CloudStor as the central data pump
As far as implementation goes, the component we intend to use as the “central data pump” is already in operation at AARNet, as a service offering called “CloudStor”; a sync&share platform based on ownCloud and used by ~26.000 users. Fortuitously, a good proportion of the existing Australian capabilities in both storage as well as workflow compute are based on OpenStack, so for interlinking pilots we have so far focused on Swift as the M2M data movement protocol; learnings here can easily be generalised to “S3” as the M2M storage interface.
Moving terabytes and more
Given we are targeting substantial sizes both in data (terabytes and above) and geographies (continental), we must realise the solution needs to scale and retain performance over high latencies (~100ms).
AARNet’s CloudStor file sender and storage platform has been in operation for a more than 4 years, maturing from a tentative proof of concept to a robust, supported service with over 26,000 users and 70TB of data stored.
CloudStor, as it is currently deployed, was designed to deliver a continental scale data movement and sync&share solution for the Australian research community.
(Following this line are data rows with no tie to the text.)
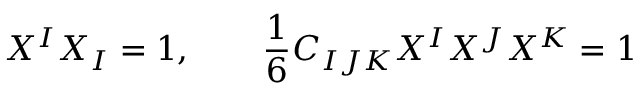Convert formula to latex. <formula><loc_0><loc_0><loc_500><loc_500>X ^ { I } X _ { I } = 1 , \quad { \frac { 1 } { 6 } } C _ { I J K } X ^ { I } X ^ { J } X ^ { K } = 1</formula> 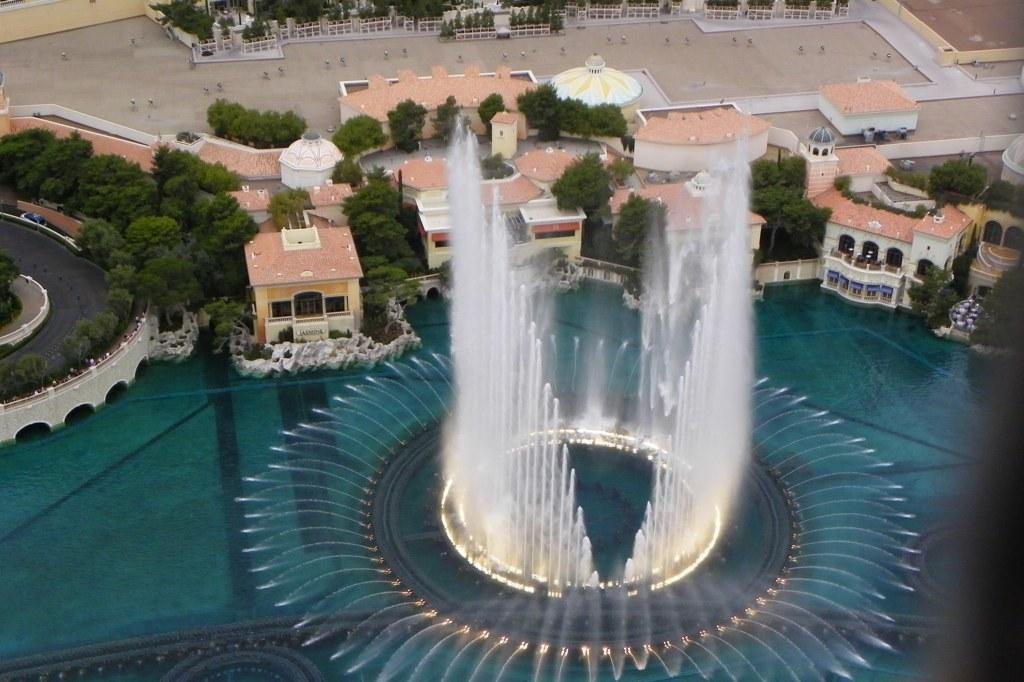What type of view is shown in the image? The image is an aerial view. What is one specific feature visible from this perspective? There is a water fountain in the image. What type of structures can be seen in the image? There are houses in the image. What type of transportation infrastructure is visible? There is a road in the image. What type of natural elements are present in the image? There are trees in the image. Where can the list of ingredients for the water fountain be found in the image? There is no list of ingredients for the water fountain present in the image. 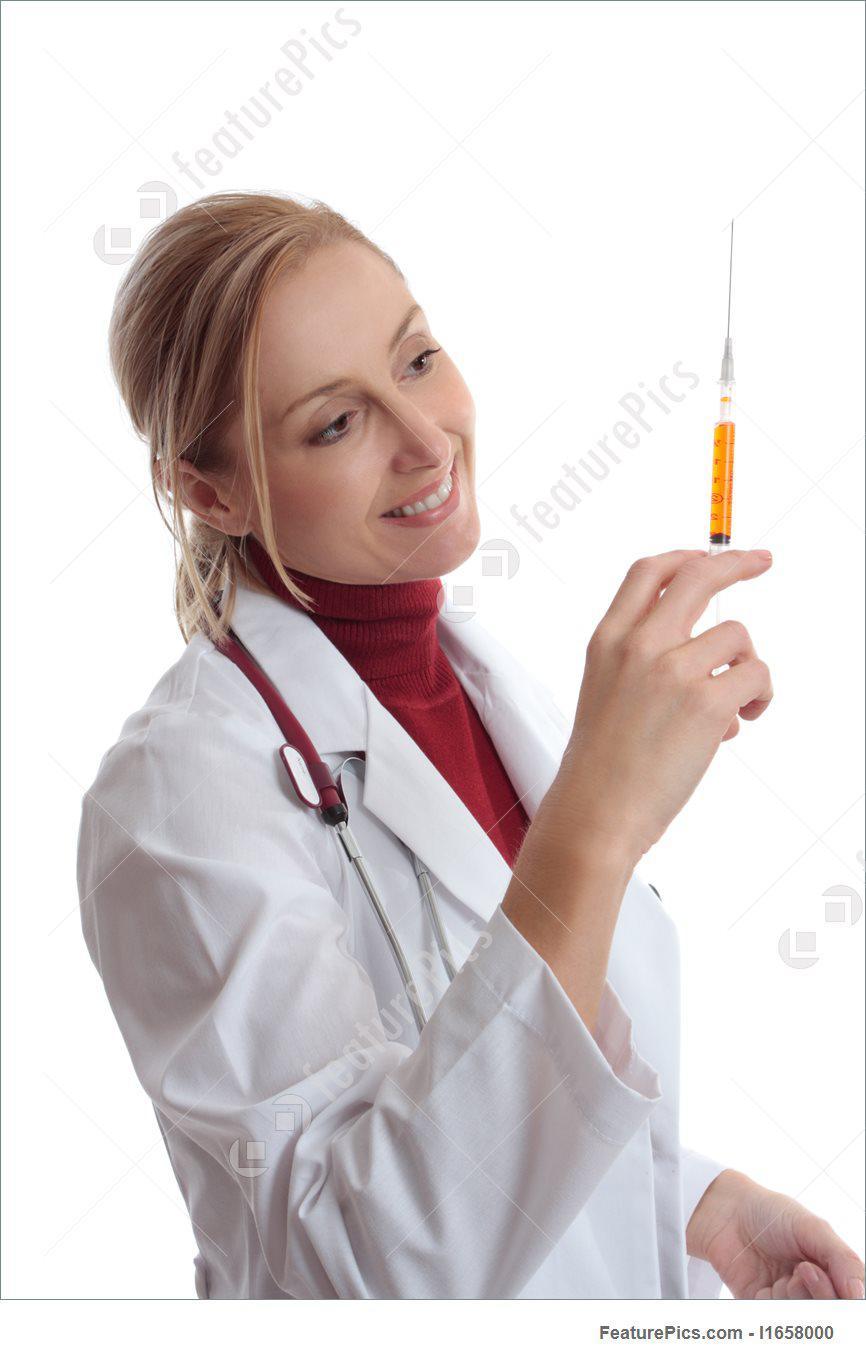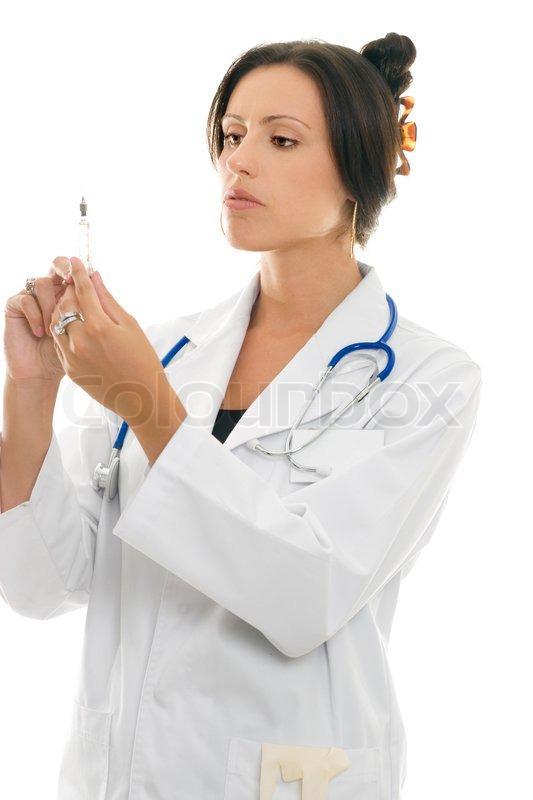The first image is the image on the left, the second image is the image on the right. Given the left and right images, does the statement "Two women are holding syringes." hold true? Answer yes or no. Yes. The first image is the image on the left, the second image is the image on the right. Evaluate the accuracy of this statement regarding the images: "A person is holding a hypdermic needle in a gloved hand in one image.". Is it true? Answer yes or no. No. 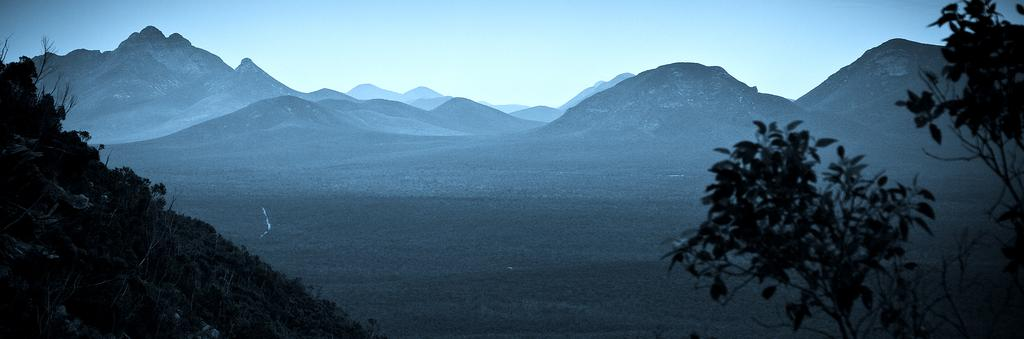What type of vegetation can be seen on the left side of the image? There are plants on the ground on the left side of the image. What is the condition of the tree on the right side of the image? There is a truncated tree on the right side of the image. What natural features can be seen in the background of the image? Mountains and the sky are visible in the background of the image. How many ducks are swimming in the water near the plants on the left side of the image? There are no ducks present in the image; it only features plants on the ground. Can you see a deer grazing in the foreground of the image? There is no deer present in the image; it only features plants, a truncated tree, mountains, and the sky. 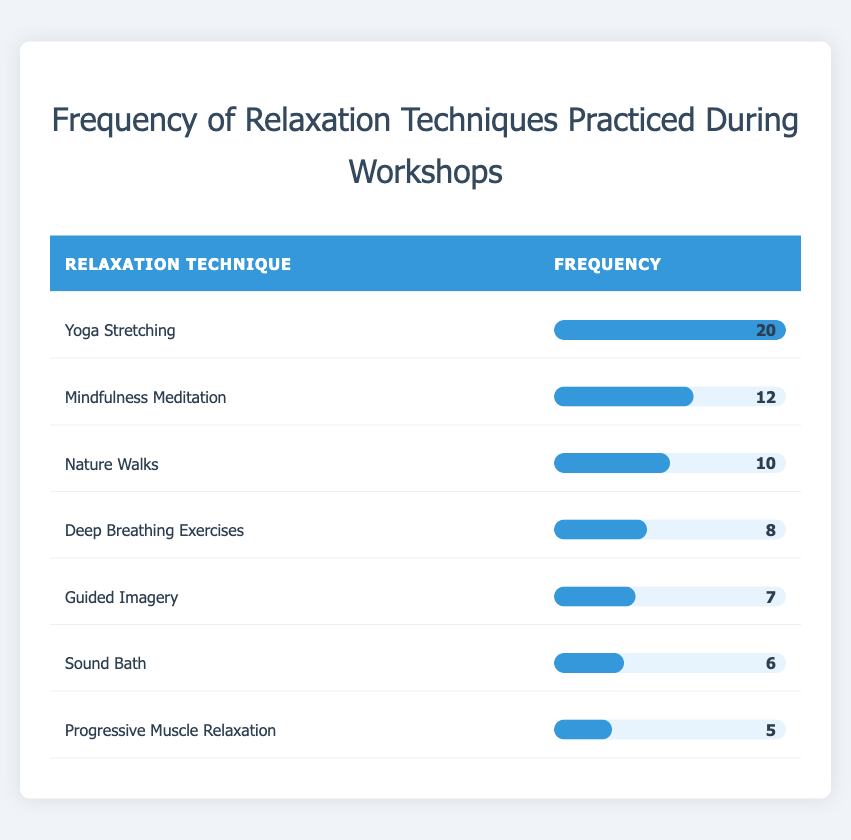What is the most practiced relaxation technique? By looking at the frequencies in the table, "Yoga Stretching" has the highest frequency at 20, making it the most practiced relaxation technique.
Answer: Yoga Stretching How many times was "Mindfulness Meditation" practiced? The frequency for "Mindfulness Meditation" is directly provided in the table as 12.
Answer: 12 Which relaxation technique was practiced the least? The technique with the lowest frequency in the table is "Progressive Muscle Relaxation," which has a frequency of 5.
Answer: Progressive Muscle Relaxation What is the total frequency of relaxation techniques practiced during the workshops? To find the total frequency, we sum up all the frequencies: 20 + 12 + 10 + 8 + 7 + 6 + 5 = 68.
Answer: 68 Is "Guided Imagery" practiced more than "Deep Breathing Exercises"? In the table, "Guided Imagery" has a frequency of 7, while "Deep Breathing Exercises" has a frequency of 8. Therefore, "Guided Imagery" is practiced less than "Deep Breathing Exercises."
Answer: No What is the average frequency of relaxation techniques? To calculate the average, we divide the total frequency (68) by the number of techniques (7): 68 / 7 = approximately 9.71.
Answer: 9.71 Are "Nature Walks" and "Sound Bath" practiced equally often? In the table, "Nature Walks" has a frequency of 10, while "Sound Bath" has a frequency of 6. Therefore, they are not practiced equally often.
Answer: No Which techniques have a frequency greater than 7? By examining the table, the techniques with frequencies greater than 7 are "Yoga Stretching" (20), "Mindfulness Meditation" (12), "Nature Walks" (10), and "Deep Breathing Exercises" (8).
Answer: Yoga Stretching, Mindfulness Meditation, Nature Walks, Deep Breathing Exercises What is the difference in frequency between the most and least practiced techniques? The most practiced technique, "Yoga Stretching," has a frequency of 20, and the least practiced technique, "Progressive Muscle Relaxation," has a frequency of 5. The difference is calculated as 20 - 5 = 15.
Answer: 15 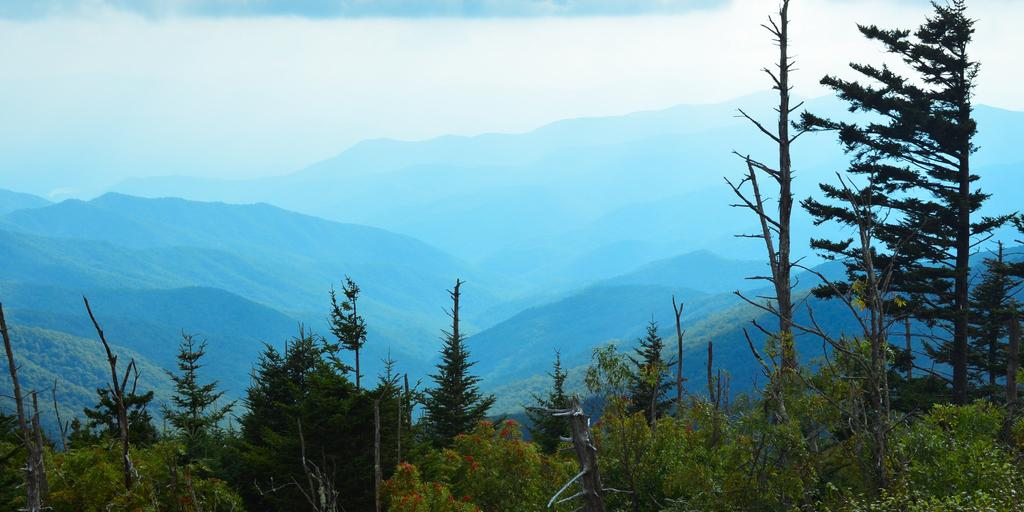What geographical feature is located in the center of the image? There are mountains in the center of the image. What type of vegetation is present at the bottom of the image? Trees and flowers are visible at the bottom of the image. What can be seen in the sky at the top of the image? Clouds are present in the sky at the top of the image. What type of guitar is being played in the image? There is no guitar present in the image; it features mountains, trees, flowers, and clouds. What property is visible in the image? There is no property visible in the image; it focuses on natural elements such as mountains, trees, flowers, and clouds. 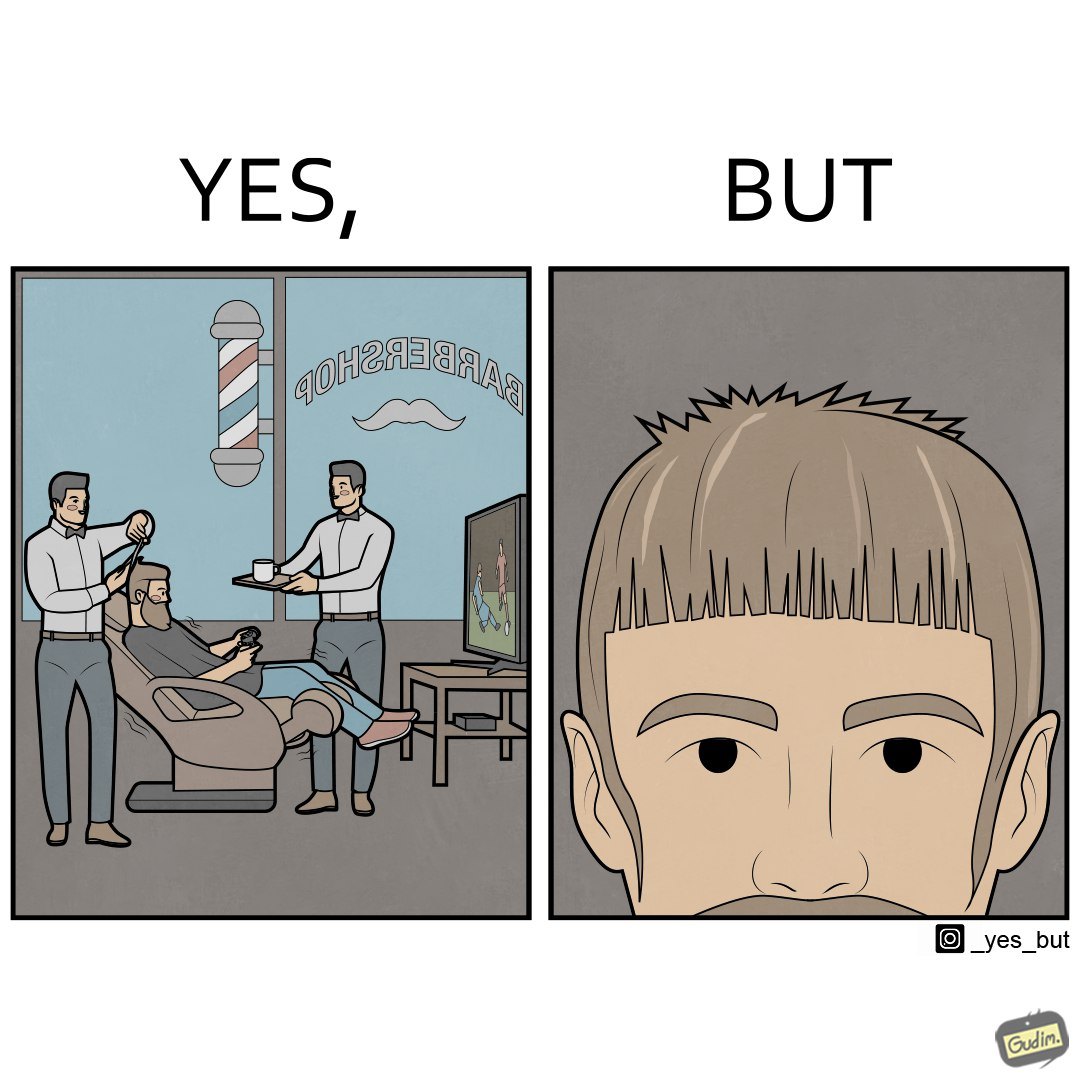What is the satirical meaning behind this image? The image is ironic, because the sole purpose of the person was to get a hair cut but he became so much engrossed in the game that the barber wasn't able to cut his hairs properly. and even the saloon is providing so many facilities but they don't have a good hairdresser 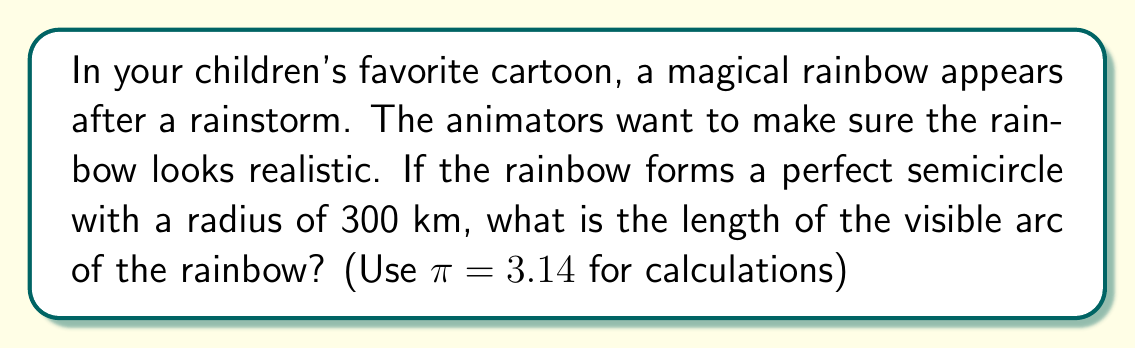Solve this math problem. Let's approach this step-by-step:

1) First, recall the formula for the arc length of a circle:

   $$s = r\theta$$

   Where $s$ is the arc length, $r$ is the radius, and $\theta$ is the central angle in radians.

2) We're given that the rainbow forms a semicircle. A semicircle has a central angle of $\pi$ radians or 180°.

3) We're also given that the radius of the rainbow is 300 km.

4) Now, let's substitute these values into our formula:

   $$s = 300 \cdot \pi$$

5) Using $\pi = 3.14$:

   $$s = 300 \cdot 3.14 = 942$$

6) Therefore, the length of the rainbow arc is 942 km.

[asy]
unitsize(0.5cm);
draw((-5,0)--(5,0));
draw(arc((0,0),5,0,180));
label("300 km", (2.5,2.5), NE);
label("Earth's surface", (0,-0.5), S);
[/asy]

This diagram represents the rainbow as a semicircle above the Earth's surface (simplified, not to scale).
Answer: The length of the visible arc of the rainbow is 942 km. 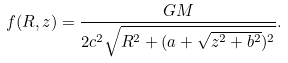Convert formula to latex. <formula><loc_0><loc_0><loc_500><loc_500>f ( R , z ) = \frac { G M } { 2 c ^ { 2 } \sqrt { R ^ { 2 } + ( a + \sqrt { z ^ { 2 } + b ^ { 2 } } ) ^ { 2 } } } .</formula> 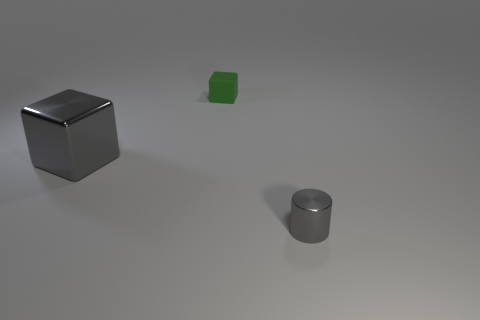Add 3 tiny brown spheres. How many objects exist? 6 Subtract all cylinders. How many objects are left? 2 Add 1 gray shiny cubes. How many gray shiny cubes exist? 2 Subtract 1 green cubes. How many objects are left? 2 Subtract all big purple matte things. Subtract all tiny objects. How many objects are left? 1 Add 3 tiny gray things. How many tiny gray things are left? 4 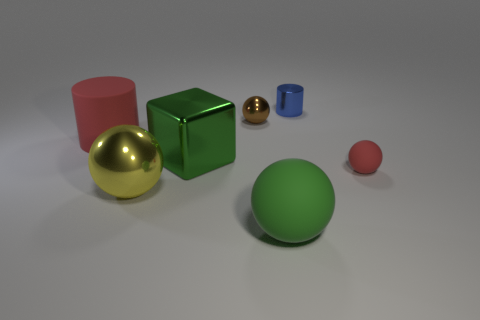Subtract all small red balls. How many balls are left? 3 Add 3 yellow cubes. How many objects exist? 10 Subtract all red cylinders. How many cylinders are left? 1 Add 3 large red cylinders. How many large red cylinders are left? 4 Add 3 large matte blocks. How many large matte blocks exist? 3 Subtract 0 cyan blocks. How many objects are left? 7 Subtract all balls. How many objects are left? 3 Subtract 2 cylinders. How many cylinders are left? 0 Subtract all cyan blocks. Subtract all brown balls. How many blocks are left? 1 Subtract all small purple rubber cubes. Subtract all matte spheres. How many objects are left? 5 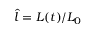Convert formula to latex. <formula><loc_0><loc_0><loc_500><loc_500>\hat { l } = L ( t ) / L _ { 0 }</formula>

The interface functionality and client platform compatibility was intentionally designed to resemble the mainstream functionality present in popular enterprise file sender and storage platforms, but with a backend capable of moving science‐size data volumes (Gigabytes to Terabytes, and directories with multiple thousands of files).
To date, CloudStor has operated in essentially a standalone mode; files are uploaded, downloaded, synchronised, shared and previewed all within the confines of the CloudStor system itself. This isn’t isolation by design; merely that up to this point, attention has been focused predominantly at “ruggedizing” the design and smoothing the user experience.
However, the system as built contains a number of potentially very useful APIs and connectors that could be used to tie together the currently non‐joined up parts of the Australian eResearch landscape. Some of these connectors have already been tested in small scale proofs of concept and others are ready to be tested.
With CloudStor used as a “uniform data pump”, many of the other entities in the landscape might work better together without themselves having to worry about large scale data movement issues.
Guido Aben is AARNet’s Director of eResearch
Aben holds a MSC in Physics from Utrecht University. He’s definitely a generalist more than a specialist. His current responsibility is to build services to researchers’ demands, with CloudStor and Science DMZ perhaps currently the most widely known of these.